The Hebrews tended to use the terms 'Egypt' and 'Egyptians' in a loose sense to encompass Nubia and Nubians. The Egyptians were perceived as a dark-skinned Other."
~ Peter Frost

That Old Testament is something else, ain't it?  All that incest, rape, family dysfunction, murder, depravity and genocide.  But maybe it is just telling it like it was among semi-civilized tribes thousands of years ago. Not a lot different from what goes on in the boondocks of Afghanistan today, and probably a lot of other places as well.  Cartel-controlled areas of Mexico, for example.  Civilization is a thin veneer over barbarism and savagery that's hard to establish and harder to maintain.  I much prefer the New Testament and don't pay a lot of attention to the Old. It's too alien.  I don't relate to ancient middle easterners or their ways.  I am much more comfortable with the Germanized Christianity (as defined by James Russell in The Germanization of Early Medieval Christianity) than I am with anything non-European.
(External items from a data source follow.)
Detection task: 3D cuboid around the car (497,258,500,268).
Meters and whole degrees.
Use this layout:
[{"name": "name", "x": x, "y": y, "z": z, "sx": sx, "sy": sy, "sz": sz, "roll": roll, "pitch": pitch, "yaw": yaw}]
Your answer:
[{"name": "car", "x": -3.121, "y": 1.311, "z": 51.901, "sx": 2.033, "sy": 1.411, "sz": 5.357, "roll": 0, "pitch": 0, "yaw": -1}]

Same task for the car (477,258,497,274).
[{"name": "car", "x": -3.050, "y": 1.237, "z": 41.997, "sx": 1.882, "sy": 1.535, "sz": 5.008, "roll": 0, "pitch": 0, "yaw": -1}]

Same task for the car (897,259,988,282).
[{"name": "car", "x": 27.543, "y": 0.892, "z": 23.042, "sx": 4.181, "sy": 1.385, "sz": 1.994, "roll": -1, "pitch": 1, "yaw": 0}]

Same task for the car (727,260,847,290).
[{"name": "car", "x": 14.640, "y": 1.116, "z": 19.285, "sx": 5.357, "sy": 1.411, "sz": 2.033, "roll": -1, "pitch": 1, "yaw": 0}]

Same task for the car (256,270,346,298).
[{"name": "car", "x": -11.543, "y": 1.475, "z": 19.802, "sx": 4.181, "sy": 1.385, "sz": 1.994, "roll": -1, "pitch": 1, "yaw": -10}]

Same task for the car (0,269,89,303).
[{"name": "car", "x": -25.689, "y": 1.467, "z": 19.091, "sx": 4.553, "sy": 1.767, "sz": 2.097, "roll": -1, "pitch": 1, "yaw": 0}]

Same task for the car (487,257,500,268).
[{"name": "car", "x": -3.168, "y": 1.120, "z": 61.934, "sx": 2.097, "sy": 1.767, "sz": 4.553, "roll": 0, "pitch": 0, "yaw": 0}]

But if you stripped me naked, tied me up and tickled me unmercifully while loudly playing The Tammys' "Egyptian Shumba,"  I would confess that I suspect all religions to be just plastic banana, phony baloney, good-time rock-and-roll.  Whistling past the graveyard. But what do I know?  I'm only a grassland hominid evolved into an apex predator with a brain too big for its own good. 
And being tortured like that, I would confess to anything you wanted me to confess to.  I would just John McCain it with my mental fingers crossed.  Wouldn't you?

I do often suspect that God is a randy practical joker fond of slapstick humor and sick jokes.  After all, He created human beings didn't He?
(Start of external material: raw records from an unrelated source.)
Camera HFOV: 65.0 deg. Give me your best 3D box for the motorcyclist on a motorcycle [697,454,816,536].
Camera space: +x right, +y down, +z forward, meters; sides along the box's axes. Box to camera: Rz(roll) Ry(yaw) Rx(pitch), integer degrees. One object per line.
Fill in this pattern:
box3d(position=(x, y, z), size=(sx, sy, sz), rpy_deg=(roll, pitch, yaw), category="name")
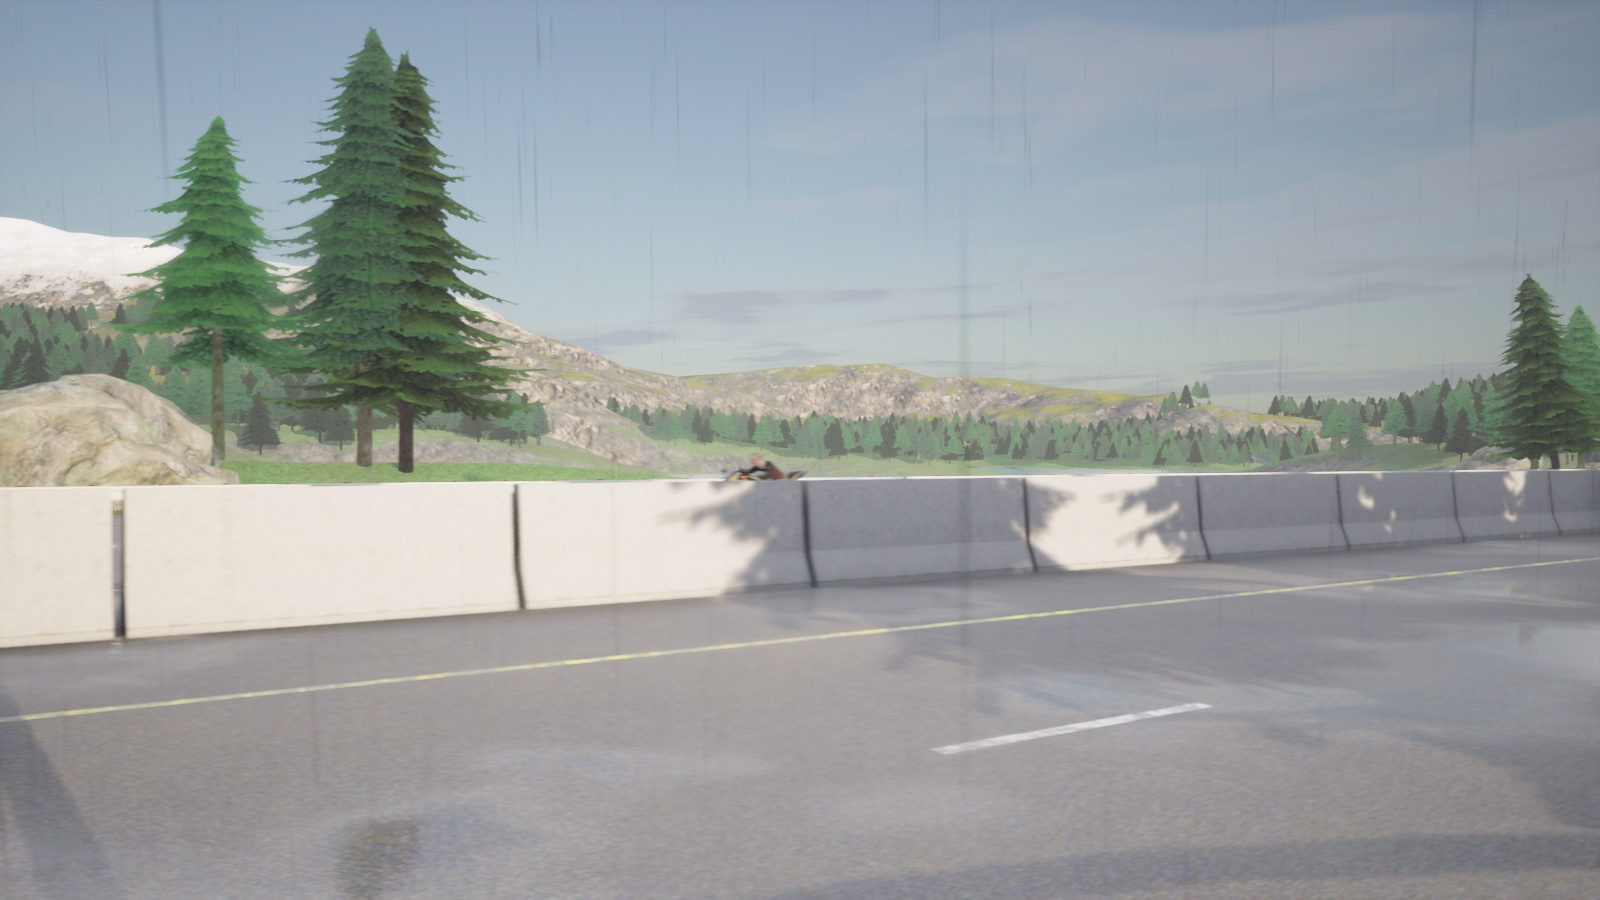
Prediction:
box3d(position=(-0.834, 0.841, 24.399), size=(2.191, 1.530, 0.866), rpy_deg=(0, 0, -35), category="motorcyclist on a motorcycle")

About the fixation on gigantic organic gamete injectors, I think that's a guy thing more than a gal thing, and has to do with dominance displays toward other males, as has been recorded among various species of monkey, and not toward females. For a female, the mind and how it is stimulated is vastly more important, at least to me, anyway (always have to be careful not to project! -- no pun intended). As with that English lit prof I wrote about above:  I didn't care how big his Mr. Happy might have been, as far as I was concerned he was a creep.  Make that a Creep with a capital "C."  And that's all he was or ever would be.
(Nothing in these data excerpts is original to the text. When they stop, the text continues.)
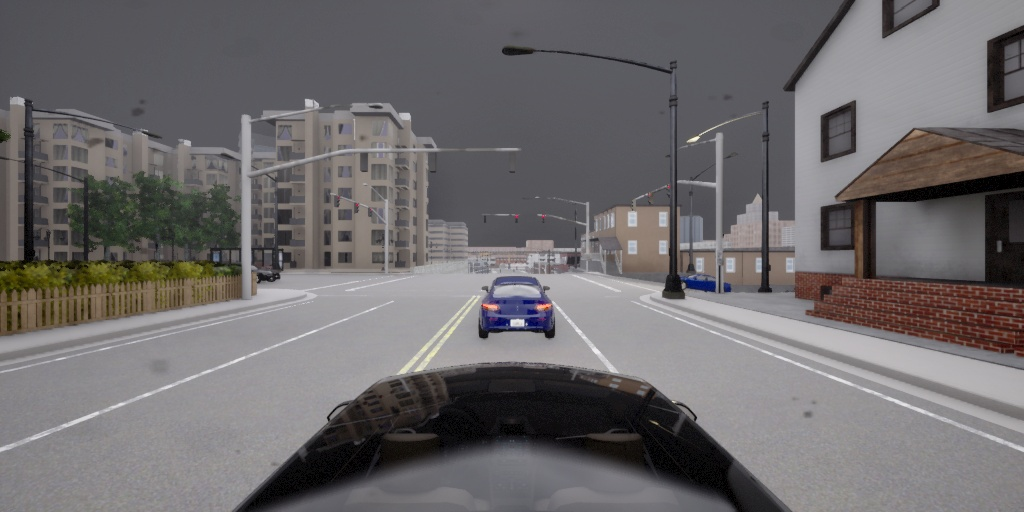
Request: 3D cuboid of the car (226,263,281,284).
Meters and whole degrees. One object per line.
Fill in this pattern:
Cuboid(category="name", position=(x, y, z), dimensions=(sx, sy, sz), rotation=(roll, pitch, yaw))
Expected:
Cuboid(category="car", position=(-19.814, 1.255, 26.510), dimensions=(4.892, 1.490, 1.837), rotation=(0, 0, 1))

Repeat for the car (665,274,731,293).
Cuboid(category="car", position=(15.379, 2.209, 29.696), dimensions=(5.008, 1.535, 1.882), rotation=(9, 0, 1))

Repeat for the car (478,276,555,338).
Cuboid(category="car", position=(0.110, 1.276, 10.013), dimensions=(1.812, 1.442, 4.674), rotation=(0, 0, 0))

 "We need to start seeing the media as a bearded nut on the sidewalk, shouting out false fears. It’s not sensible to listen to it."
~ Michael Crichton

When I read right-wing websites I am always impressed, sometimes stunned, by the vicious hatred of women the writers and commenters express, especially, as I've noted before, hatred of white women -- by white men, mind you.  I can't help wondering how many wife-beaters and other abusers there are among these people.  And also serial killers.  I'm serious about that.  The hatred of women is so intense and so relentlessly expressed that you really have to consider that. In fact, I know one police officer who, after reading some columns by one of the contributors to a particular on-line publication, expressed the belief that he might well be a serial killer, not of women in his case, but homosexual men.  He's looking into it now, but has stopped talking about it, which indicates to me that it is a serious investigation.

 “Consider the subtleness of the sea; how its most dreaded creatures glide under water, unapparent for the most part, and treacherously hidden beneath the loveliest tints of azure. Consider also the devilish brilliance and beauty of many of its most remorseless tribes, as the dainty embellished shape of many species of sharks. Consider, once more, the universal cannibalism of the sea; all whose creatures prey upon each other, carrying on eternal war since the world began.

"Consider all this; and then turn to the green, gentle, and most docile earth; consider them both, the sea and the land; and do you not find a strange analogy to something in yourself? For as this appalling ocean surrounds the verdant land, so in the soul of man there lies one insular Tahiti, full of peace and joy, but encompassed by all the horrors of the half-known life. God keep thee! Push not off from that isle, thou canst never return!”